[Stored data entries]

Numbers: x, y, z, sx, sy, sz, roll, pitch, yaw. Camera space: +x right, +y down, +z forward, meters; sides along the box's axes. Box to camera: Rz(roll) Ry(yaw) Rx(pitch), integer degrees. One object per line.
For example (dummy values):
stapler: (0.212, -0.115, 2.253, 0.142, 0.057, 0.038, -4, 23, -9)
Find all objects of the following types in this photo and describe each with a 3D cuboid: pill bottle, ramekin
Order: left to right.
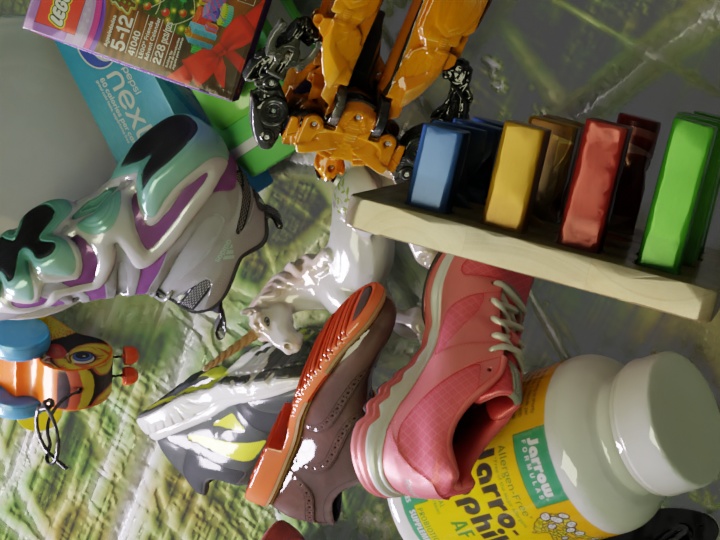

Aim of the task
Transcribe every entry word for word, excluding images.

Answer to the problem
Numbers: x, y, z, sx, sy, sz, roll, pitch, yaw. Camera space: +x right, +y down, +z forward, meters; sides along the box's axes. Box to camera: Rz(roll) Ry(yaw) Rx(pitch), integer degrees. One object per line.
For example (dummy values):
stapler: (0.212, -0.115, 2.253, 0.142, 0.057, 0.038, -4, 23, -9)
Find all objects of the following types in this photo and describe each with a 3D cuboid: pill bottle, ramekin
Order: left to right.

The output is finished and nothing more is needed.